Gelson Baía, 36 anos, natural de São Tomé e Príncipe, vive atualmente em Portugal desde 2008. Fez o seu percurso inicial numa escola técnico-profissional na cidade de Cantanhede, em Coimbra. Concluiu o 12º ano depois prosseguiu os estudos em 2012, na faculdade de Direito de Lisboa, onde se licenciou e tirou o mestrado nessa área. Especializou-se sobretudo na vertente do Direito Administrativo e Administração Pública.
Desde tenra idade que se interessa por questões sociais, particularmente no impacto que as decisões políticas têm na vida das pessoas. Talvez por ser fruto de uma família com “origens humildes”, o seu pai enfermeiro, e a sua mãe dona de casa, e neto de avós Cabo Verdianos, que foram levados para São Tomé e Príncipe para trabalharem nas plantações de cacau e de café naquele país.
O primeiro clique dá-se no ano 2005 até 2008, quando jovens portugueses iam para São Tomé fazer voluntariado em parceria com as irmãs missionárias, Claretianas de Guadalupe, a sua cidade, e tem contato com a sociedade que vive fora de São Tomé e Príncipe.

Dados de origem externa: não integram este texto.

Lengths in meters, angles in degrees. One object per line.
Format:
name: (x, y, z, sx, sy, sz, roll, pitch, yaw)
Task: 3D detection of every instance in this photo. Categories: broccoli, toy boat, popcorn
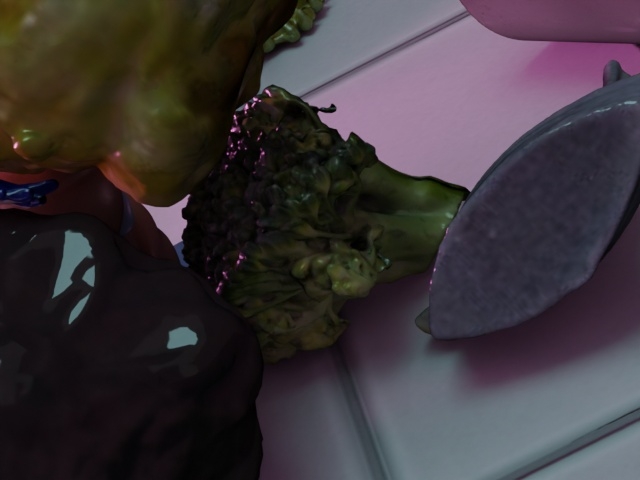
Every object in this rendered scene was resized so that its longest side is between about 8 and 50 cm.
broccoli: (0.000, 0.000, 1.516, 0.246, 0.247, 0.288, 10, 20, -3)
toy boat: (0.179, -0.023, 1.399, 0.276, 0.111, 0.293, -50, -4, 6)
popcorn: (-0.184, -0.178, 1.386, 0.312, 0.312, 0.312, -22, 28, 12)

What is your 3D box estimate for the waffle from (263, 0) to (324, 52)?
waffle: (-0.077, -0.270, 2.170, 0.183, 0.036, 0.169, -14, 33, 30)

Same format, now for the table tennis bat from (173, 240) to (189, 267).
table tennis bat: (-0.141, 0.025, 1.747, 0.155, 0.019, 0.100, -7, 34, 32)

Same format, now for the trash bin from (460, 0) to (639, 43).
trash bin: (0.333, -0.309, 1.600, 0.280, 0.280, 0.432, -43, 27, -26)

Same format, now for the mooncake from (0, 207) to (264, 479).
mooncake: (-0.234, 0.150, 1.285, 0.351, 0.212, 0.381, 17, 54, 7)

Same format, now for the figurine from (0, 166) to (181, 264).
figurine: (-0.296, 0.039, 1.637, 0.388, 0.276, 0.248, -5, 12, 35)

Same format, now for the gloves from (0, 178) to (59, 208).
gloves: (-0.239, -0.037, 1.318, 0.086, 0.026, 0.064, 1, 5, 36)
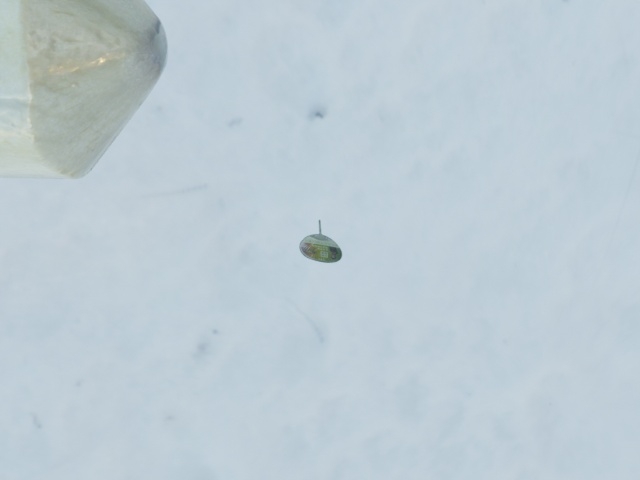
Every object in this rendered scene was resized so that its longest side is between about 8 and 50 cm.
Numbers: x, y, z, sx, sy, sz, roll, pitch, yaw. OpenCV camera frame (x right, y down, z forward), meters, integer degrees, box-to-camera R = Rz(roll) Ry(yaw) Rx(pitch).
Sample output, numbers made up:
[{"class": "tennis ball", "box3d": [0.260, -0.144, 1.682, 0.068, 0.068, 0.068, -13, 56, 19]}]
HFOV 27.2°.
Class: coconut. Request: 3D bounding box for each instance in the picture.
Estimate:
[{"class": "coconut", "box3d": [-0.230, -0.144, 1.038, 0.222, 0.202, 0.202, -2, 83, 13]}]

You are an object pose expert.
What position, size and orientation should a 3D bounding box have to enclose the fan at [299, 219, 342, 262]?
[{"class": "fan", "box3d": [0.006, 0.006, 1.831, 0.060, 0.003, 0.080, 29, 44, 8]}]
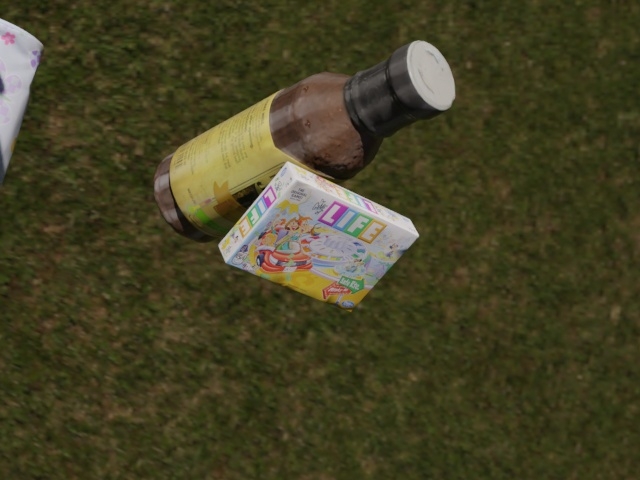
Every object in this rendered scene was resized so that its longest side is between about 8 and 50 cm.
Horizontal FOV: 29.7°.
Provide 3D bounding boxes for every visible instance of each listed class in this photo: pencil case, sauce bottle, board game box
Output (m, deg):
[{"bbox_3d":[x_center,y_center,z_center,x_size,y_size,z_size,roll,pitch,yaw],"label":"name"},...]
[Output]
[{"bbox_3d":[-0.413,-0.127,1.383,0.124,0.113,0.273,21,84,-27],"label":"pencil case"},{"bbox_3d":[-0.022,-0.096,1.186,0.111,0.344,0.111,22,57,-39],"label":"sauce bottle"},{"bbox_3d":[0.000,0.000,1.080,0.154,0.026,0.103,23,117,-38],"label":"board game box"}]
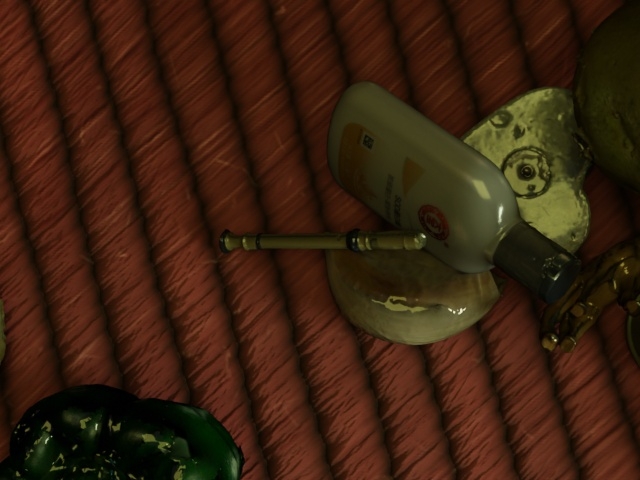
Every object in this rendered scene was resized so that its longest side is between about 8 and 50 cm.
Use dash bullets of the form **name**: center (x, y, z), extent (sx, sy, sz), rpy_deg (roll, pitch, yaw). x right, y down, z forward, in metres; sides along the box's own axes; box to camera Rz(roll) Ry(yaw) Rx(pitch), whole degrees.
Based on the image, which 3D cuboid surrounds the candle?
- **candle**: center (0.205, -0.068, 1.503), extent (0.168, 0.068, 0.192), rpy_deg (6, 82, 4)

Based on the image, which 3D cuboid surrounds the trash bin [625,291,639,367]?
- **trash bin**: center (0.426, 0.052, 1.394), extent (0.243, 0.247, 0.121), rpy_deg (-32, 86, -2)

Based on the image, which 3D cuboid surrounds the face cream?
- **face cream**: center (0.127, -0.038, 1.432), extent (0.291, 0.144, 0.071), rpy_deg (38, 55, 25)

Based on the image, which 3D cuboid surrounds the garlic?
- **garlic**: center (0.090, 0.056, 1.490), extent (0.195, 0.087, 0.101), rpy_deg (11, 73, 6)

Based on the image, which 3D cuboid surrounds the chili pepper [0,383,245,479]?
- **chili pepper**: center (-0.183, 0.252, 1.400), extent (0.248, 0.256, 0.233), rpy_deg (28, 92, 6)

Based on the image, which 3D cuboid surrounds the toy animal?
- **toy animal**: center (0.319, 0.022, 1.472), extent (0.275, 0.149, 0.054), rpy_deg (-40, 94, -30)

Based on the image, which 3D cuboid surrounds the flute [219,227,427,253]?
- **flute**: center (0.000, 0.000, 1.476), extent (0.233, 0.027, 0.027), rpy_deg (-1, 84, 29)

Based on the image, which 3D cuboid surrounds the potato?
- **potato**: center (0.410, -0.156, 1.413), extent (0.359, 0.219, 0.269), rpy_deg (-30, 47, -31)

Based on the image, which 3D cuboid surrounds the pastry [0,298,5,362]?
- **pastry**: center (-0.447, 0.101, 1.488), extent (0.235, 0.121, 0.257), rpy_deg (-4, 85, 2)
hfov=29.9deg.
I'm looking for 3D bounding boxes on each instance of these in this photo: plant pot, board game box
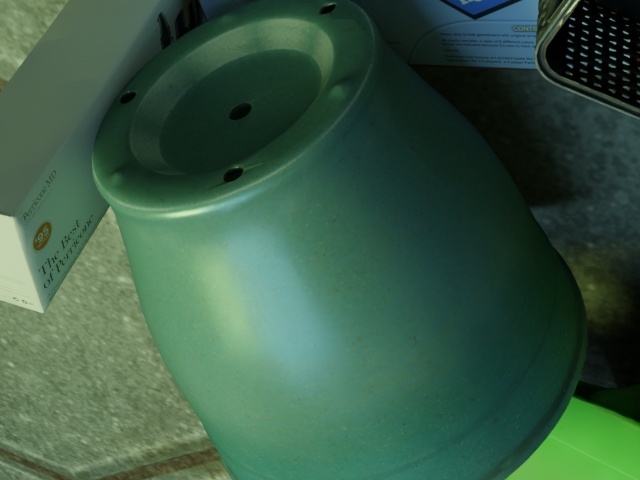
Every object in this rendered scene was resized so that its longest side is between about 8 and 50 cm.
[{"bbox_3d":[0.000,0.000,0.743,0.271,0.272,0.255,-1,139,31],"label":"plant pot"},{"bbox_3d":[0.045,-0.166,0.715,0.281,0.027,0.145,6,143,24],"label":"board game box"}]

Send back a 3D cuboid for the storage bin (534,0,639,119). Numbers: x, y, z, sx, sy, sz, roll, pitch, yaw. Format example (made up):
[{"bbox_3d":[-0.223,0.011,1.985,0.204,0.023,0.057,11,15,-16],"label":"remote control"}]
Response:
[{"bbox_3d":[0.210,-0.120,0.600,0.180,0.084,0.122,20,140,-10],"label":"storage bin"}]

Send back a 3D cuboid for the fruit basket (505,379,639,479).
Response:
[{"bbox_3d":[0.313,0.141,0.789,0.392,0.392,0.283,-6,165,36],"label":"fruit basket"}]

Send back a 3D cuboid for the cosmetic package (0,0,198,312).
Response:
[{"bbox_3d":[-0.149,-0.079,0.758,0.060,0.239,0.099,16,145,14],"label":"cosmetic package"}]

Despertou-lhe muita curiosidade em querer conhecer o mundo e outras realidades. Sobretudo a parte crítica que já carregava consigo desde muito pequeno, nomeadamente nas aulas de história, quando ouvia falar da Segunda Guerra Mundial, e todo o contexto que esteve por trás, despertou-lhe um interesse enorme. Bem como uma vontade e desejo de conhecer o mundo e perseguir um sonho que fosse diferente da maioria das pessoas e isso obrigá-lo-ia a estudar muito, e foi isso que fez. Pediu uma bolsa de estudo para tirar um curso técnico-profissional, e foi para Cantanhede, em Coimbra.
De seguida foi para a Universidade, mas teve de arranjar emprego, pois não tinha bolsa de estudos. Sozinho em Portugal com 18 anos, entrou na Universidade de Direito de Lisboa, onde se licenciou entre 2012 e 2019.

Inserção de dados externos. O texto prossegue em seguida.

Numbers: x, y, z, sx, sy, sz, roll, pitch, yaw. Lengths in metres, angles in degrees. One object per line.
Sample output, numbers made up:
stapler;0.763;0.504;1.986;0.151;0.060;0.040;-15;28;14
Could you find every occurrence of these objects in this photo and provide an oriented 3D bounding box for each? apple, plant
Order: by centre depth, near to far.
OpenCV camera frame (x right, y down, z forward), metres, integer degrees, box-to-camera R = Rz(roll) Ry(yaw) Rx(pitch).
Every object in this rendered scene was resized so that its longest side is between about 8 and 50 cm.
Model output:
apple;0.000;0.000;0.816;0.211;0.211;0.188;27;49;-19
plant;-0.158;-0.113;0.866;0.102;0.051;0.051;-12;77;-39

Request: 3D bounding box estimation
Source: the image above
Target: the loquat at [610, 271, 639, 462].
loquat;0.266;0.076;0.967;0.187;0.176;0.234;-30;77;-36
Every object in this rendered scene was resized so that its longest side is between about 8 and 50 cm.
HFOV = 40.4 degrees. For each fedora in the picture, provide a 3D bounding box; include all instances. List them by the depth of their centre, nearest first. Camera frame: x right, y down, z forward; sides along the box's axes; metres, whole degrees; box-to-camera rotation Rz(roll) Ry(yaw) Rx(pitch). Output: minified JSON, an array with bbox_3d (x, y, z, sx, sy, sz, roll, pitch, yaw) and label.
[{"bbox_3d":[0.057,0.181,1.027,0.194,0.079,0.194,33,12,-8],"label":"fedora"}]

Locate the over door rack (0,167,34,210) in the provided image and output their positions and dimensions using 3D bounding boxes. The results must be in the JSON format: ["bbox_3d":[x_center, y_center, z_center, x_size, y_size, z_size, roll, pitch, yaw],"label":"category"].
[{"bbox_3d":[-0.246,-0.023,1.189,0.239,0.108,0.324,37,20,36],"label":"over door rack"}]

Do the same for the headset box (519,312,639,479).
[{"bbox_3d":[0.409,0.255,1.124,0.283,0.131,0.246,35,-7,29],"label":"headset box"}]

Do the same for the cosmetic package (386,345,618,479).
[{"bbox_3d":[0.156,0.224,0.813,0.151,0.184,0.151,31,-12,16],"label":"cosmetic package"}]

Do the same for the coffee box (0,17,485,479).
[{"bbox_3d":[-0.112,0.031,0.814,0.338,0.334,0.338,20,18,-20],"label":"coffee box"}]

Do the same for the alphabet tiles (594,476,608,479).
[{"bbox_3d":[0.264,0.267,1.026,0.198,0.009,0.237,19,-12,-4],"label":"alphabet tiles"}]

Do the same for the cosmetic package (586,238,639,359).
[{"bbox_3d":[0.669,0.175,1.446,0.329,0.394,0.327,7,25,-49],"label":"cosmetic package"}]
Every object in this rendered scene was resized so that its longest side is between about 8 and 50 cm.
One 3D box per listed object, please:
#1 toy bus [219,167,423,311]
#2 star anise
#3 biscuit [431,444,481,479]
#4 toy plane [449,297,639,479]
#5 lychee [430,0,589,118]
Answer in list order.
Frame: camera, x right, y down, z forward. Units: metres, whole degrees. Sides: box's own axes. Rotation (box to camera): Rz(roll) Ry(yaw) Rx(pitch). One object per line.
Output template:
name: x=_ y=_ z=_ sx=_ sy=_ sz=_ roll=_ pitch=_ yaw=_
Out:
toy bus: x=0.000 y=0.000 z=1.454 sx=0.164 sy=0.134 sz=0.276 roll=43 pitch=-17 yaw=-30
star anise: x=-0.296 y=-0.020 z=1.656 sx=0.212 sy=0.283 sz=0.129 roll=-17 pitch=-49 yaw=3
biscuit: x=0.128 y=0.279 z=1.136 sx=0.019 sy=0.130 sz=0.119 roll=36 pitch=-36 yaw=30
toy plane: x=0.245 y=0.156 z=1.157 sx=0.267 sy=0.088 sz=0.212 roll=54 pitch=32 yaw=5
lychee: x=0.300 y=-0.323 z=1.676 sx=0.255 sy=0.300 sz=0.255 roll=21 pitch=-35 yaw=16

Teve vários empregos mais “informais”, para poder custear os estudos e a sua vida, desde o Starbucks, Vodafone, até nas maratonas andou, onde distribuía fruta aos atletas. Também passou pela TAP e pela SIBS, entidade que gere toda a rede Multibanco em Portugal. Todas estas experiências também o ajudaram a formar-se como ser humano e crescer um pouco mais rápido, longe da família, mas o seu foco principal era a sua carreira académica e profissional.
No final do curso fez um programa de estudos de intercâmbio entre 2017/2018, na Universidade Federal de Minas Gerais, no Brasil. Que tem acordo com a Faculdade de Direito de Lisboa, onde surgiu no âmbito das suas participações e ligações muito ativas, pois sempre esteve ligado ao associativismo e aos jovens e a Associações de estudantes, organizações, e que lhe abriram portas. Esteve presente no Brasil no período em que o país passava por um processo de transformações sociais e políticas profundas.
Regressou a Portugal para a concluir a licenciatura e seguiu com o Mestrado, e constitui a sua própria família.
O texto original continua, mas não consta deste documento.